Stored data entries
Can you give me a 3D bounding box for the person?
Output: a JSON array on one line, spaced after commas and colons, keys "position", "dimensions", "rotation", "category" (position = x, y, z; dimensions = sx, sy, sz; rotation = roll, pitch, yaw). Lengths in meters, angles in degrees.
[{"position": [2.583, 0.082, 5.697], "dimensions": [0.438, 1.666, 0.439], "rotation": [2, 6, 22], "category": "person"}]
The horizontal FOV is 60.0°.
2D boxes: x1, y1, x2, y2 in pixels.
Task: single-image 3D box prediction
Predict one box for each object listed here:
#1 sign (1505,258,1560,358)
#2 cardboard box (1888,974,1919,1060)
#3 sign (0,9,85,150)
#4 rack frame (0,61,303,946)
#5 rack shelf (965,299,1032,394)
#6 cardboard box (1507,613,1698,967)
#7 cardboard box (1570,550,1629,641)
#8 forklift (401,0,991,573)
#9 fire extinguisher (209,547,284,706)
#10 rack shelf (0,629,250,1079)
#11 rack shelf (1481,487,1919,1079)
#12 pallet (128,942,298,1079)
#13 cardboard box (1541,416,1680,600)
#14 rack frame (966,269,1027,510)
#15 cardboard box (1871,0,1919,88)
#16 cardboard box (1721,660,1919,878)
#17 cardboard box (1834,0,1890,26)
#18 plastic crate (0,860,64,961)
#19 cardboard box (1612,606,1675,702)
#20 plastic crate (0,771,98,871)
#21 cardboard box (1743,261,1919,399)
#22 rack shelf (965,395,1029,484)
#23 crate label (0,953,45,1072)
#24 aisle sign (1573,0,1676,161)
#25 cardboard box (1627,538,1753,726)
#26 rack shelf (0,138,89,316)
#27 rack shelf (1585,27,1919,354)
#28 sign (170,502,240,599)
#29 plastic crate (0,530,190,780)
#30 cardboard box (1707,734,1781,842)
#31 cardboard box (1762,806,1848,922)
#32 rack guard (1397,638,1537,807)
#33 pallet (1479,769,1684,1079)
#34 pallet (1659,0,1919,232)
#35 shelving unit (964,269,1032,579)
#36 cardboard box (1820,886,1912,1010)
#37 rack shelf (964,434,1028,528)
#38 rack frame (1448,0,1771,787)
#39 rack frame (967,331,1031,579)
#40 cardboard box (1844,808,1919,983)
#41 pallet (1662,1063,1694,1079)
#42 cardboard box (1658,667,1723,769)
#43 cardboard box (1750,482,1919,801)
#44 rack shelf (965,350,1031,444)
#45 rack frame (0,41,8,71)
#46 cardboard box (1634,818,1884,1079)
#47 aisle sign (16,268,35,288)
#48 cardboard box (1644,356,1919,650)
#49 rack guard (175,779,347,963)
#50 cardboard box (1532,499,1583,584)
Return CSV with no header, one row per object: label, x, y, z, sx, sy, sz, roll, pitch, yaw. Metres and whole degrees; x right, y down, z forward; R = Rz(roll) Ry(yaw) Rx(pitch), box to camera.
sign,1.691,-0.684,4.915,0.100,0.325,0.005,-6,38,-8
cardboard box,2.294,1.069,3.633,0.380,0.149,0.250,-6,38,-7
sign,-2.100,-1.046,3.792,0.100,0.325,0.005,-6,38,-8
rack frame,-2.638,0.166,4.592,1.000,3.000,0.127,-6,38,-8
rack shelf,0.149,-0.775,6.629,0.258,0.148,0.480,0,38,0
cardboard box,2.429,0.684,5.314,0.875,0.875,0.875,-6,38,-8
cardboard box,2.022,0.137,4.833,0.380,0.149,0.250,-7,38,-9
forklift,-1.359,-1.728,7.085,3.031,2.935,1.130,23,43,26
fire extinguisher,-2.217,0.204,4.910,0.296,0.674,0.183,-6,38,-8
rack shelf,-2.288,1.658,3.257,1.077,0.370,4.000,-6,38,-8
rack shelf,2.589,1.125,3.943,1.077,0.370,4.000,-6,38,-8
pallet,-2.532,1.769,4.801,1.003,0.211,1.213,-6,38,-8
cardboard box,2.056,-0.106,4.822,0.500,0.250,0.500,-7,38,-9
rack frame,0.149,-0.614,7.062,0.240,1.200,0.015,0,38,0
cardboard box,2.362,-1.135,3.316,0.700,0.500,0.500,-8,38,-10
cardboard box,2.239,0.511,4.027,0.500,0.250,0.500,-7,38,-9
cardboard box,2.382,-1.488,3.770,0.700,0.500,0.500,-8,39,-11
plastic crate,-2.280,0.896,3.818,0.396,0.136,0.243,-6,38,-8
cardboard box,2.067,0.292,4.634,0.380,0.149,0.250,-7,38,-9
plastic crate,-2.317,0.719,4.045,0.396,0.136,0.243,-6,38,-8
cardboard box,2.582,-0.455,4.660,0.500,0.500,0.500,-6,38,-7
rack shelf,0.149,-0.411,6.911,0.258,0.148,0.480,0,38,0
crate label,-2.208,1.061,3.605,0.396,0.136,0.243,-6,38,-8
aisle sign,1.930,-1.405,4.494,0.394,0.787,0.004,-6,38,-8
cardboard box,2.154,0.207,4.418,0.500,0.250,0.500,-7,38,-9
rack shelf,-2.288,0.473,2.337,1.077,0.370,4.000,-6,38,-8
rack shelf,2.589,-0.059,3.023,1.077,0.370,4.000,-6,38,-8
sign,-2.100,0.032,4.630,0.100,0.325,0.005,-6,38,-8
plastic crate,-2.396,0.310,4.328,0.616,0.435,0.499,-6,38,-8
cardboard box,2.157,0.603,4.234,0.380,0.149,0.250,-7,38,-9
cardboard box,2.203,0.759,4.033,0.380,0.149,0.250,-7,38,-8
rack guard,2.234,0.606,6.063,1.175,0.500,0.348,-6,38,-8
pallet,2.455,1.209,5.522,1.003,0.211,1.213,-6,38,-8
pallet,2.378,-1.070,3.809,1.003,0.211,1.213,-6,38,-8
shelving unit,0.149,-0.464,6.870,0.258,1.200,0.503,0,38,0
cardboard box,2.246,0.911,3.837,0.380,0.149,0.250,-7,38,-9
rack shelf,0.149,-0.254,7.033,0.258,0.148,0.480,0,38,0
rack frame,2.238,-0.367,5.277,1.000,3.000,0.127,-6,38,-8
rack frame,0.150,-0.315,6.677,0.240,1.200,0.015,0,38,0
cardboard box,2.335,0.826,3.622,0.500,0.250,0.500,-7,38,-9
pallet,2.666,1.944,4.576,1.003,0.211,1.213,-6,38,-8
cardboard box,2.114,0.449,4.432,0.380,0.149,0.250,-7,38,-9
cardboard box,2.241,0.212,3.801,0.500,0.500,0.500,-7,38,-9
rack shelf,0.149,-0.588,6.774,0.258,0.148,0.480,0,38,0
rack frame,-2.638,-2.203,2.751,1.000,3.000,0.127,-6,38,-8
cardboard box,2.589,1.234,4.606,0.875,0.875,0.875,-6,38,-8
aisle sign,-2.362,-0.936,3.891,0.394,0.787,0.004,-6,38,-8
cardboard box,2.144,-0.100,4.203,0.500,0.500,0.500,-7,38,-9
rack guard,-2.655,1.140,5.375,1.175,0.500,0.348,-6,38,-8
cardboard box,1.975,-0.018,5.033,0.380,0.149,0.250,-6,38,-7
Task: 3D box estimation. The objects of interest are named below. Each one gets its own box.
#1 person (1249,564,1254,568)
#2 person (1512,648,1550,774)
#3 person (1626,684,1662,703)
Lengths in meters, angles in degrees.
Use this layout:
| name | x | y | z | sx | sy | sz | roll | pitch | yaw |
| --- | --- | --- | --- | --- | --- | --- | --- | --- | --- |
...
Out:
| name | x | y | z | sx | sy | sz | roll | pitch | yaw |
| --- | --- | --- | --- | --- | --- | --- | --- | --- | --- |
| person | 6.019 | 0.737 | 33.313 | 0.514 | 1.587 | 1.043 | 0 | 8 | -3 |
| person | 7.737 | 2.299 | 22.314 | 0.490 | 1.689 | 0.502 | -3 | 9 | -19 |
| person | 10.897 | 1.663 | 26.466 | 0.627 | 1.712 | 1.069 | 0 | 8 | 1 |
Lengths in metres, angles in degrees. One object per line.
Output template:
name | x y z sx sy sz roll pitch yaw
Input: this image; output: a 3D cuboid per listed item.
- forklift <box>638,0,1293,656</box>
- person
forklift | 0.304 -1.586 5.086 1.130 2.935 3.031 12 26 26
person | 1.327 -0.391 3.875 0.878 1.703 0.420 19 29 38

# [What you have to do]
Tally each line in the data that holds the word "image"; write only the total.

# [Reply]
2